Few know more about the subject of behavior-induced investing mishaps than Professor Terrance Odean. He’s a leading voice in the growing field of behavioral finance whose work has covered topics such as overconfidence, excessive trading, regret, and investors’ tendency to hold losing investments and sell wining ones — also known as “the disposition effect.”
When asked about the value of financial advisors, Odean replied, “Good financial advisors basically encourage investors to follow good investment practices. Left to their own devices, investors don’t do that.” He added that sometimes a good advisor is someone who simply “[injects] common sense where it’s needed.”
There are two ways for customers to increase the chances that their advisor does steer them away from biases. First, certain fee structures in the industry actively incentivize brokers and advisors to encourage behavioral biases like overtrading.
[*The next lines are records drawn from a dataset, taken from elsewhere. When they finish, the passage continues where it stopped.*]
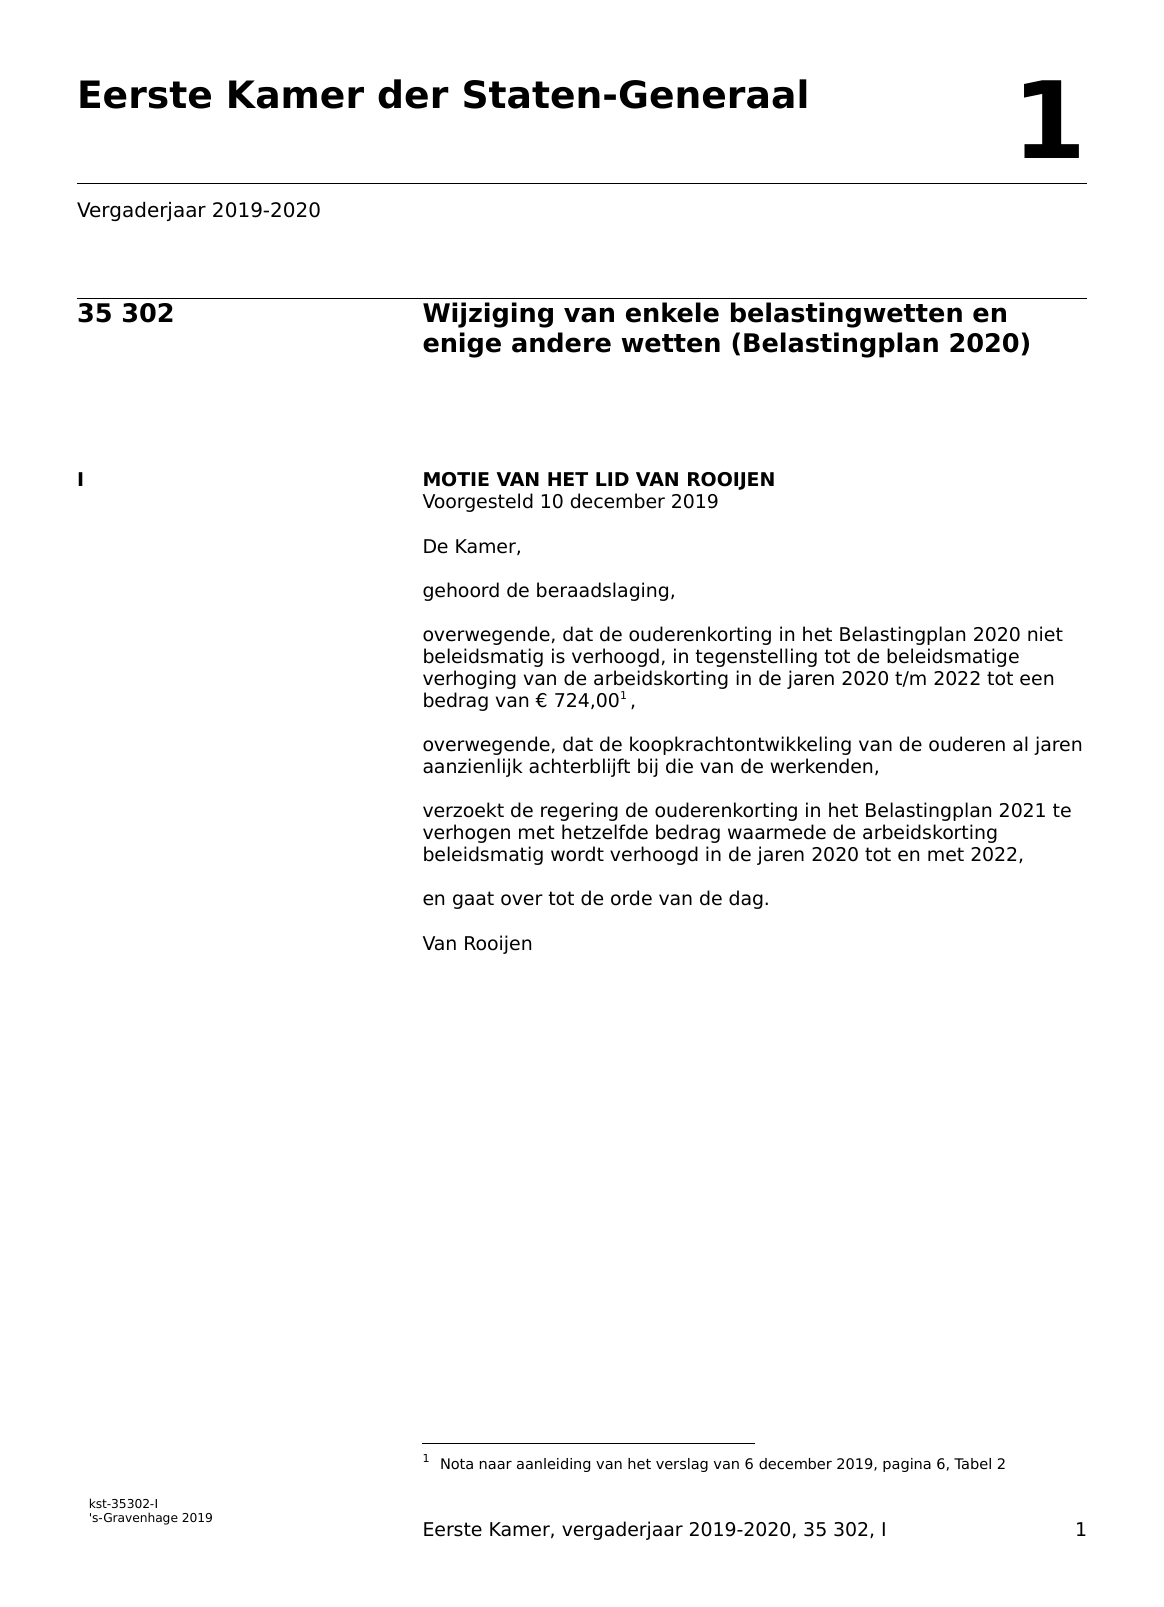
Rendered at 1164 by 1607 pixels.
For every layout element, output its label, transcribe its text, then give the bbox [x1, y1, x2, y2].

text Van Rooijen [422, 932, 1087, 954]
text en gaat over tot de orde van de dag. [422, 888, 1087, 910]
text overwegende, dat de ouderenkorting in het Belastingplan 2020 niet beleidsmatig is verhoogd, in tegenstelling tot de beleidsmatige verhoging van de arbeidskorting in de jaren 2020 t/m 2022 tot een bedrag van € 724,00, [422, 624, 1087, 712]
text kst-35302-I [88, 1497, 323, 1511]
subtitle I MOTIE VAN HET LID VAN ROOIJEN [77, 469, 1087, 491]
text Nota naar aanleiding van het verslag van 6 december 2019, pagina 6, Tabel 2 [422, 1452, 1087, 1474]
text verzoekt de regering de ouderenkorting in het Belastingplan 2021 te verhogen met hetzelfde bedrag waarmede de arbeidskorting beleidsmatig wordt verhoogd in de jaren 2020 tot en met 2022, [422, 800, 1087, 866]
table_header 1 [886, 59, 1087, 183]
text overwegende, dat de koopkrachtontwikkeling van de ouderen al jaren aanzienlijk achterblijft bij die van de werkenden, [422, 734, 1087, 778]
subtitle 35 302 Wijziging van enkele belastingwetten en enige andere wetten (Belastingplan 2020) [77, 299, 1087, 358]
text Voorgesteld 10 december 2019 [422, 491, 1087, 513]
text gehoord de beraadslaging, [422, 580, 1087, 602]
table_cell Vergaderjaar 2019-2020 [77, 184, 1087, 298]
text 's-Gravenhage 2019 [88, 1511, 323, 1525]
text De Kamer, [422, 536, 1087, 557]
table_header Eerste Kamer der Staten-Generaal [77, 59, 886, 183]

The NBER team notes that their results are “in line with an interpretation where the advisor’s goal is to maximize fees by placing more weight on actively managed funds that create more income for the advisor.” And further, “evidence suggests that most of the interaction is driven by the need to generate fees rather than to respond to the clients rebalancing needs.”
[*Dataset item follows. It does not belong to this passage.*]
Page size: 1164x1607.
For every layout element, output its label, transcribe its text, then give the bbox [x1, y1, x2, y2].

For customers looking to avoid this outcome, fee-only financial advisors have a compensation structure that is much more aligned with clients’ interests.
In addition, customers should look for advisors that are willing to tell it how it is from day one. Unfortunately, the NBER paper notes evidence that many advisors pussyfoot around delivering the hard, but necessary, truth to clients because they’re too concerned with winning or keeping their business. When it comes to battling behavioral biases, an advisor like that is useless.
Clear and illuminating communication
David Lo at JD Power has seen the huge difference that communication makes in terms of customer satisfaction. “A huge part is the relationship with the advisor,” he said. That means not only “courtesy, friendliness, and responsiveness,” but, maybe more importantly, “did your investment advisor talk about investment performance, etc.” According to Lo, a “yes” answer to the latter “significantly raises” satisfaction scores.
David Shucavage of Carolina Estate Planners suggests that clients ask themselves: “Does this person really listen to you and ask questions of real depth? Do they understand what it will take for the money to bring you peace of mind?”
Putting the pieces together
These qualitative aspects of a good advisory relationship help set the stage for achieving the client’s financial goals. But they’re no guarantee of success. As Neal McNeil of Ibis Capital told us, “If the client needs a certain rate of return and [the advisor isn't] accomplishing that for them, then the plan doesn’t work.”